What this task involves |
Would you transcribe the records below from the line with "701, 997, 729]" to the line with "text г) в протоколах", ends included, exactly and with nothing more, leaving the pictures out?

Data |
*** Begin section ***
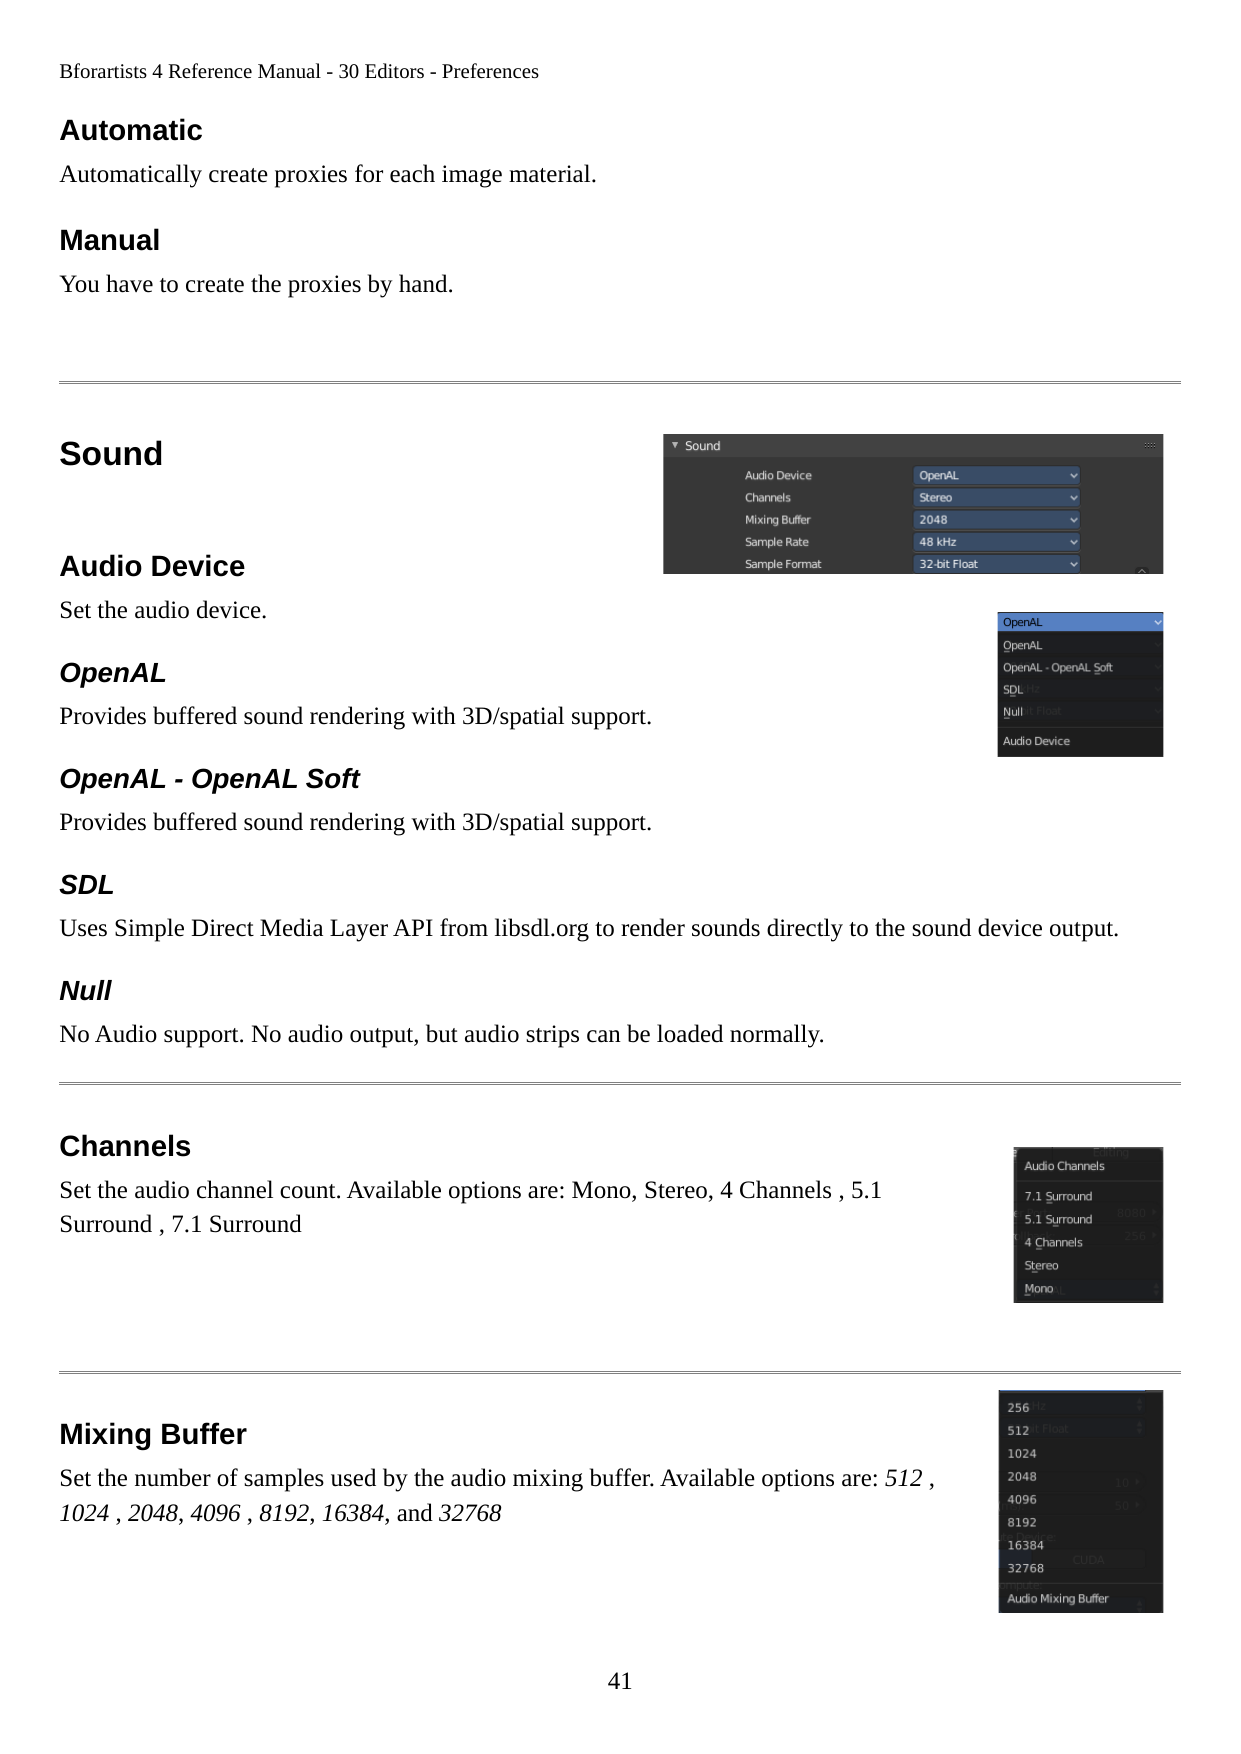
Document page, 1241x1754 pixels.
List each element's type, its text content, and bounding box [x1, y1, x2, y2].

subtitle Sound [59, 434, 663, 472]
picture [998, 1390, 1164, 1613]
subtitle Audio Device [59, 549, 1181, 582]
subtitle Automatic [59, 113, 1181, 146]
subtitle OpenAL - OpenAL Soft [59, 762, 1181, 794]
text Set the number of samples used by the audio mixing buffer. Available options are: 512 , 1024 , 2048, 4096 , 8192, 16384, and 32768 [59, 1463, 998, 1527]
text Provides buffered sound rendering with 3D/spatial support. [59, 701, 997, 729]
text You have to create the proxies by hand. [59, 269, 1181, 297]
subtitle [1164, 434, 1181, 472]
picture [997, 612, 1164, 757]
subtitle SDL [59, 868, 1181, 900]
subtitle Mixing Buffer [59, 1417, 998, 1451]
subtitle OpenAL [59, 656, 997, 688]
text Set the audio channel count. Available options are: Mono, Stereo, 4 Channels , 5.1 Surround , 7.1 Surround [59, 1175, 1013, 1238]
text Automatically create proxies for each image material. [59, 159, 1181, 188]
subtitle [1164, 1417, 1181, 1451]
subtitle [1164, 656, 1181, 688]
text No Audio support. No audio output, but audio strips can be loaded normally. [59, 1019, 1181, 1047]
subtitle Channels [59, 1128, 1181, 1162]
text Uses Simple Direct Media Layer API from libsdl.org to render sounds directly to the sound device output. [59, 913, 1181, 941]
text Set the audio device. [59, 595, 1181, 624]
picture [663, 434, 1164, 574]
subtitle Null [59, 974, 1181, 1006]
text Provides buffered sound rendering with 3D/spatial support. [59, 807, 1181, 836]
subtitle Manual [59, 222, 1181, 256]
picture [1013, 1147, 1164, 1303]
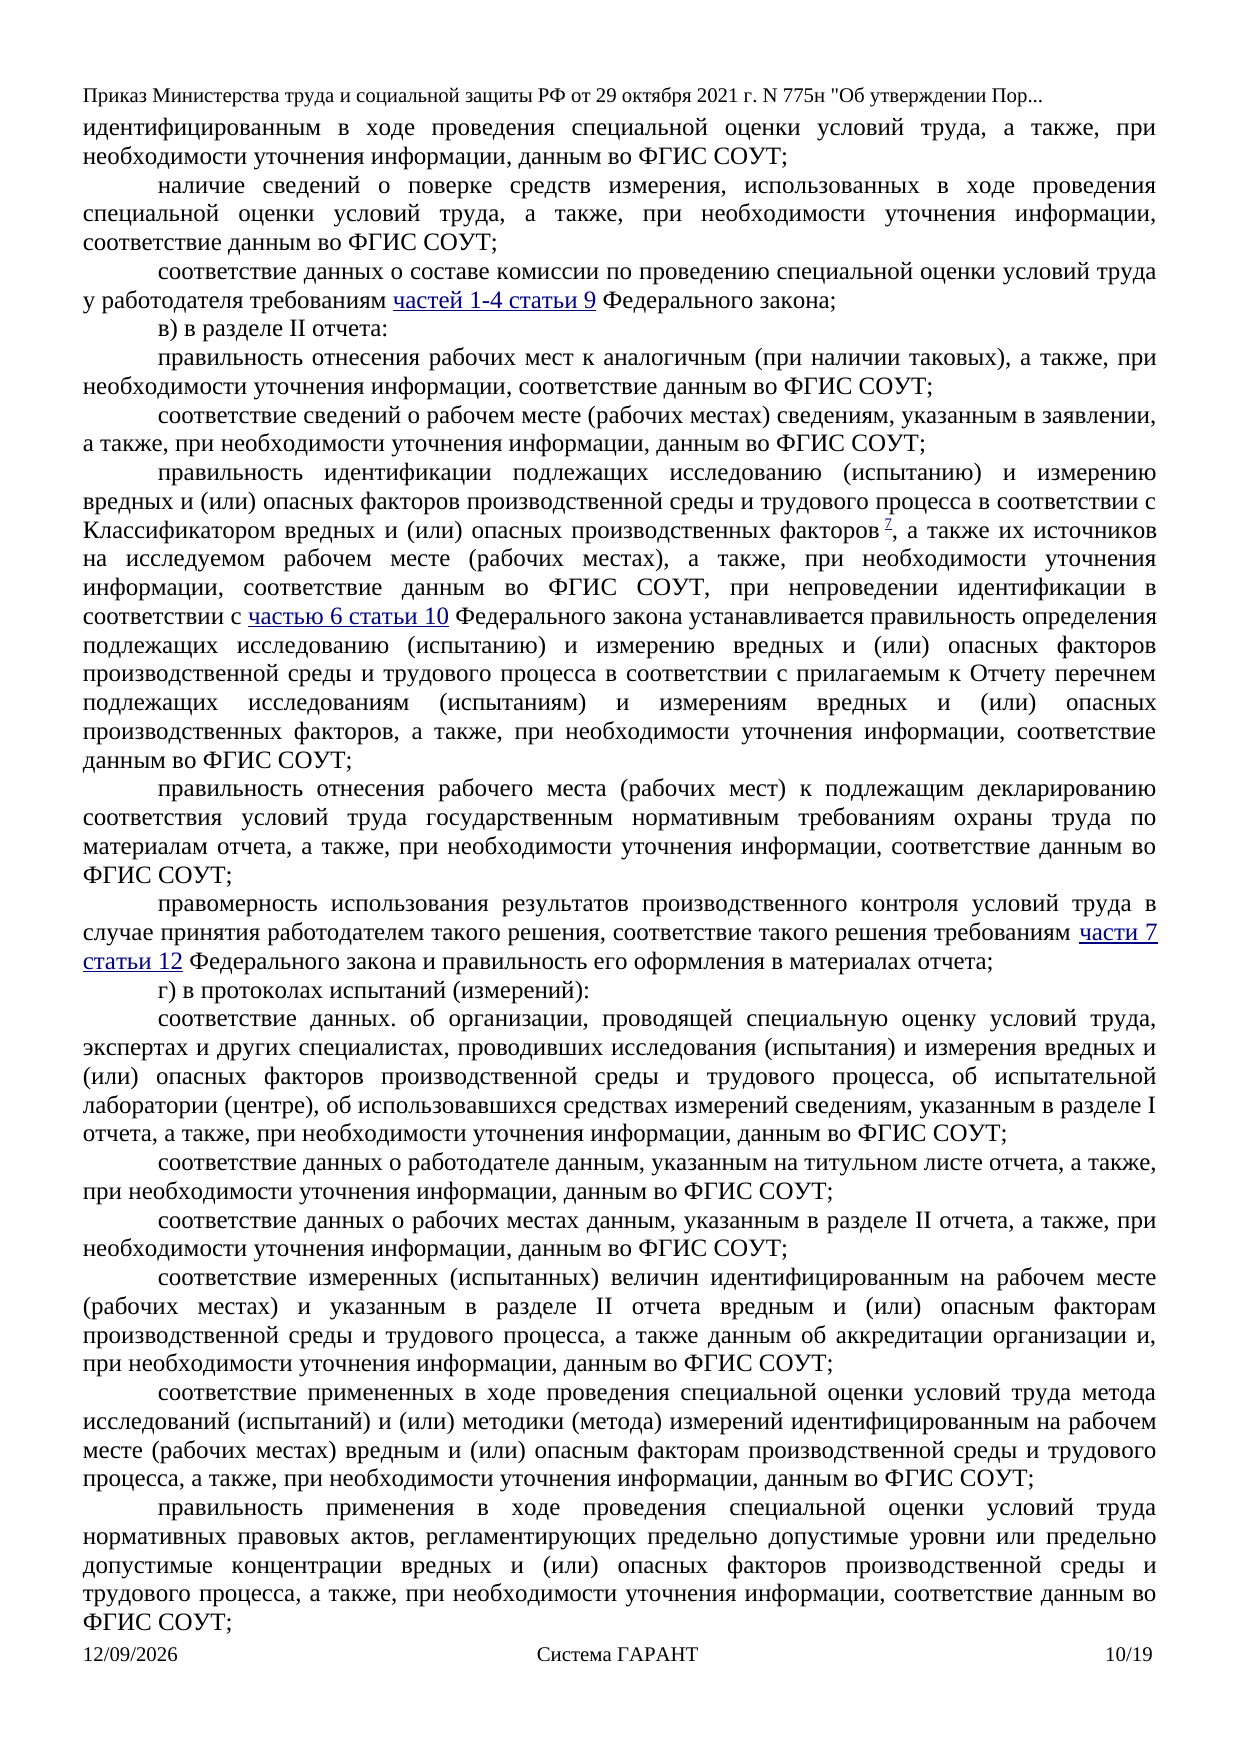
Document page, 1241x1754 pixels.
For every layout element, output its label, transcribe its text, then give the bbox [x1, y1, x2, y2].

text г) в протоколах испытаний (измерений): [83, 975, 1157, 1003]
text правильность применения в ходе проведения специальной оценки условий труда нормативных правовых актов, регламентирующих предельно допустимые уровни или предельно допустимые концентрации вредных и (или) опасных факторов производственной среды и трудового процесса, а также, при необходимости уточнения информации, соответствие данным во ФГИС СОУТ; [83, 1492, 1157, 1636]
text соответствие примененных в ходе проведения специальной оценки условий труда метода исследований (испытаний) и (или) методики (метода) измерений идентифицированным на рабочем месте (рабочих местах) вредным и (или) опасным факторам производственной среды и трудового процесса, а также, при необходимости уточнения информации, данным во ФГИС СОУТ; [83, 1377, 1157, 1492]
text соответствие данных о составе комиссии по проведению специальной оценки условий труда у работодателя требованиям частей 1-4 статьи 9 Федерального закона; [83, 256, 1157, 313]
text в) в разделе II отчета: [83, 313, 1157, 342]
text правильность отнесения рабочих мест к аналогичным (при наличии таковых), а также, при необходимости уточнения информации, соответствие данным во ФГИС СОУТ; [83, 342, 1157, 400]
text правильность идентификации подлежащих исследованию (испытанию) и измерению вредных и (или) опасных факторов производственной среды и трудового процесса в соответствии с Классификатором вредных и (или) опасных производственных факторов 7, а также их источников на исследуемом рабочем месте (рабочих местах), а также, при необходимости уточнения информации, соответствие данным во ФГИС СОУТ, при непроведении идентификации в соответствии с частью 6 статьи 10 Федерального закона устанавливается правильность определения подлежащих исследованию (испытанию) и измерению вредных и (или) опасных факторов производственной среды и трудового процесса в соответствии с прилагаемым к Отчету перечнем подлежащих исследованиям (испытаниям) и измерениям вредных и (или) опасных производственных факторов, а также, при необходимости уточнения информации, соответствие данным во ФГИС СОУТ; [83, 457, 1157, 773]
text наличие сведений о поверке средств измерения, использованных в ходе проведения специальной оценки условий труда, а также, при необходимости уточнения информации, соответствие данным во ФГИС СОУТ; [83, 170, 1157, 256]
text соответствие измеренных (испытанных) величин идентифицированным на рабочем месте (рабочих местах) и указанным в разделе II отчета вредным и (или) опасным факторам производственной среды и трудового процесса, а также данным об аккредитации организации и, при необходимости уточнения информации, данным во ФГИС СОУТ; [83, 1262, 1157, 1377]
text соответствие сведений о рабочем месте (рабочих местах) сведениям, указанным в заявлении, а также, при необходимости уточнения информации, данным во ФГИС СОУТ; [83, 400, 1157, 457]
text соответствие данных о работодателе данным, указанным на титульном листе отчета, а также, при необходимости уточнения информации, данным во ФГИС СОУТ; [83, 1147, 1157, 1205]
text соответствие данных. об организации, проводящей специальную оценку условий труда, экспертах и других специалистах, проводивших исследования (испытания) и измерения вредных и (или) опасных факторов производственной среды и трудового процесса, об испытательной лаборатории (центре), об использовавшихся средствах измерений сведениям, указанным в разделе I отчета, а также, при необходимости уточнения информации, данным во ФГИС СОУТ; [83, 1003, 1157, 1147]
text соответствие данных о рабочих местах данным, указанным в разделе II отчета, а также, при необходимости уточнения информации, данным во ФГИС СОУТ; [83, 1205, 1157, 1262]
text правомерность использования результатов производственного контроля условий труда в случае принятия работодателем такого решения, соответствие такого решения требованиям части 7 статьи 12 Федерального закона и правильность его оформления в материалах отчета; [83, 888, 1157, 975]
text правильность отнесения рабочего места (рабочих мест) к подлежащим декларированию соответствия условий труда государственным нормативным требованиям охраны труда по материалам отчета, а также, при необходимости уточнения информации, соответствие данным во ФГИС СОУТ; [83, 773, 1157, 888]
text идентифицированным в ходе проведения специальной оценки условий труда, а также, при необходимости уточнения информации, данным во ФГИС СОУТ; [83, 112, 1157, 170]
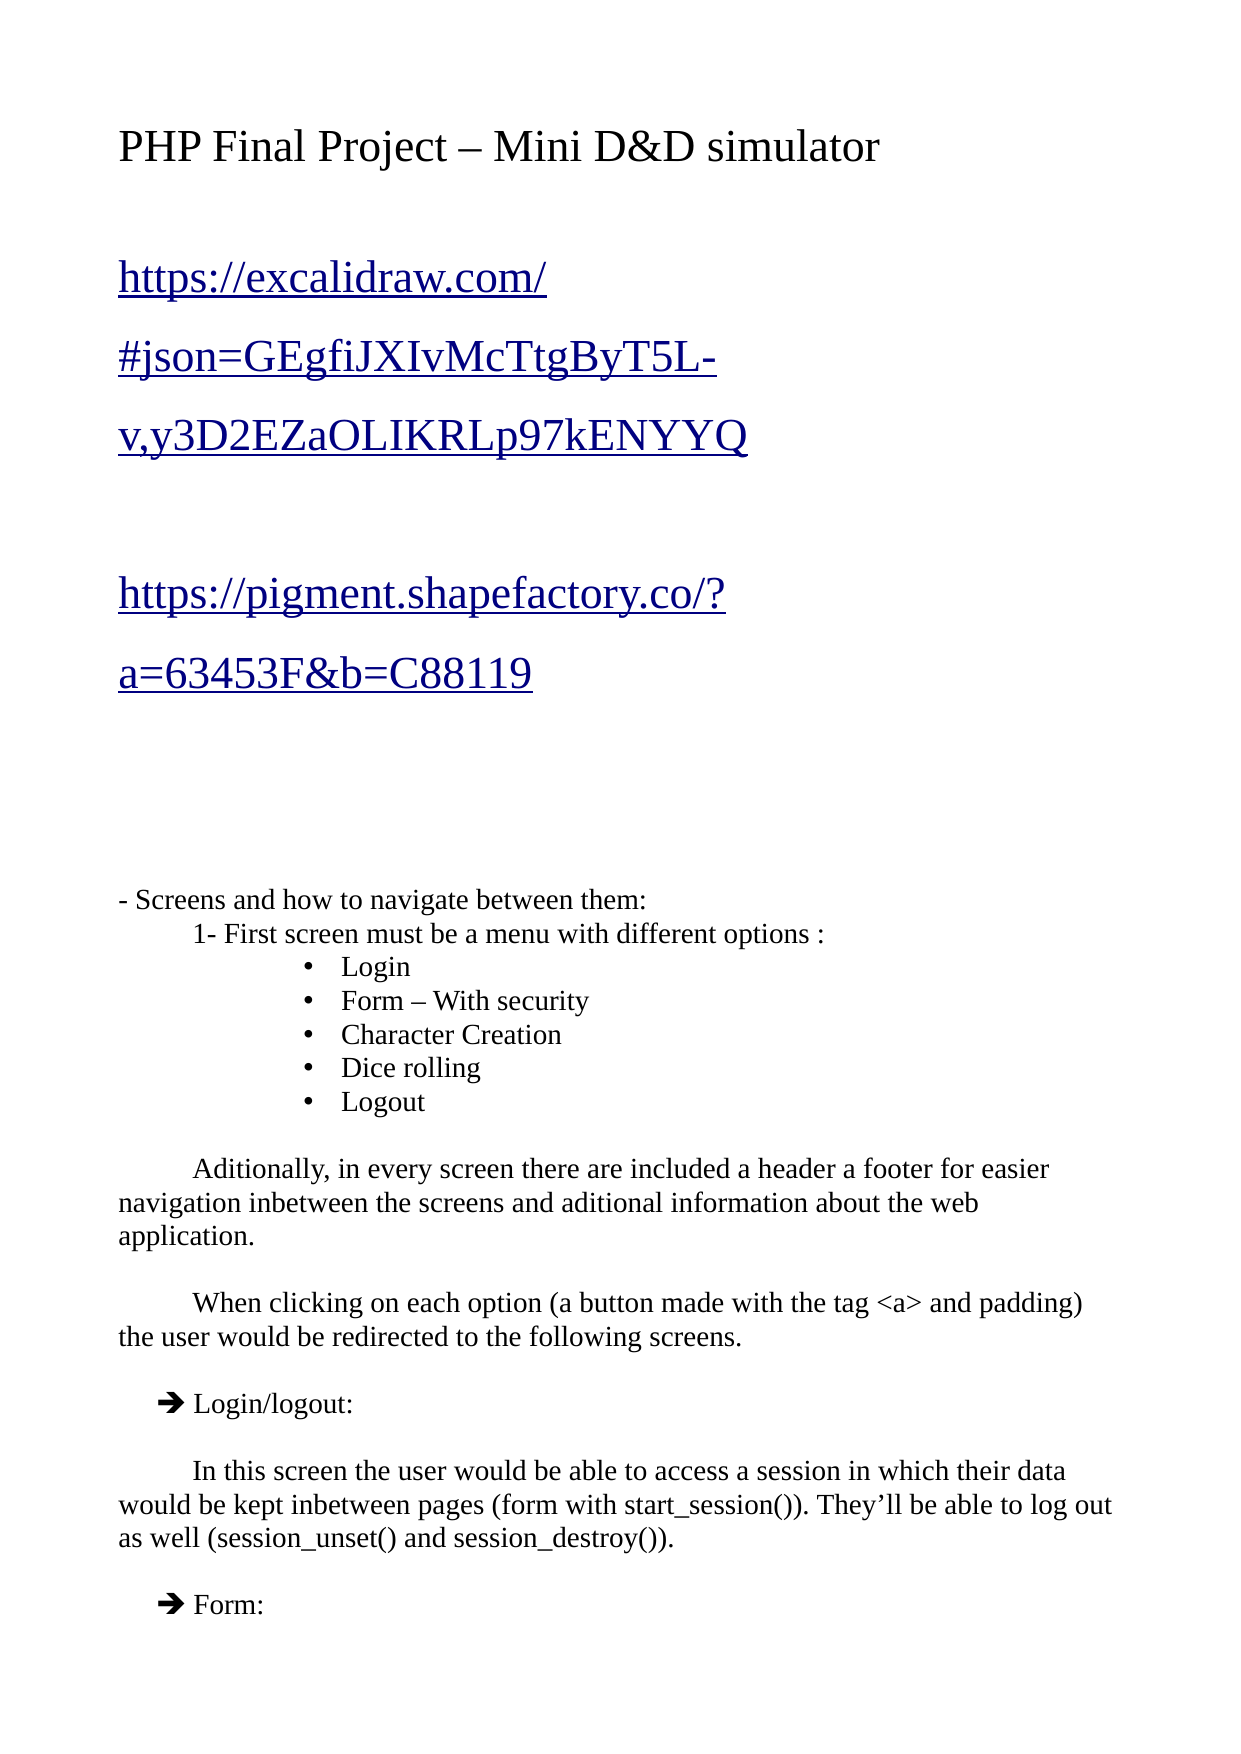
*** End section ***
Output for this task |
text Provides buffered sound rendering with 3D/spatial support. [59, 701, 997, 729]
text You have to create the proxies by hand. [59, 269, 1181, 297]
subtitle [1164, 434, 1181, 472]
picture [997, 612, 1164, 757]
subtitle SDL [59, 868, 1181, 900]
subtitle Mixing Buffer [59, 1417, 998, 1451]
subtitle OpenAL [59, 656, 997, 688]
text Set the audio channel count. Available options are: Mono, Stereo, 4 Channels , 5.1 Surround , 7.1 Surround [59, 1175, 1013, 1238]
text Automatically create proxies for each image material. [59, 159, 1181, 188]
subtitle [1164, 1417, 1181, 1451]
subtitle [1164, 656, 1181, 688]
text No Audio support. No audio output, but audio strips can be loaded normally. [59, 1019, 1181, 1047]
subtitle Channels [59, 1128, 1181, 1162]
text Uses Simple Direct Media Layer API from libsdl.org to render sounds directly to the sound device output. [59, 913, 1181, 941]
text Set the audio device. [59, 595, 1181, 624]
picture [663, 434, 1164, 574]
subtitle Null [59, 974, 1181, 1006]
text Provides buffered sound rendering with 3D/spatial support. [59, 807, 1181, 836]
subtitle Manual [59, 222, 1181, 256]
picture [1013, 1147, 1164, 1303]
Document page, 1241x1754 pixels.
For every layout element, output its label, transcribe its text, then give the bbox [x1, y1, x2, y2].

text г) в протоколах испытаний (измерений): [83, 975, 1157, 1003]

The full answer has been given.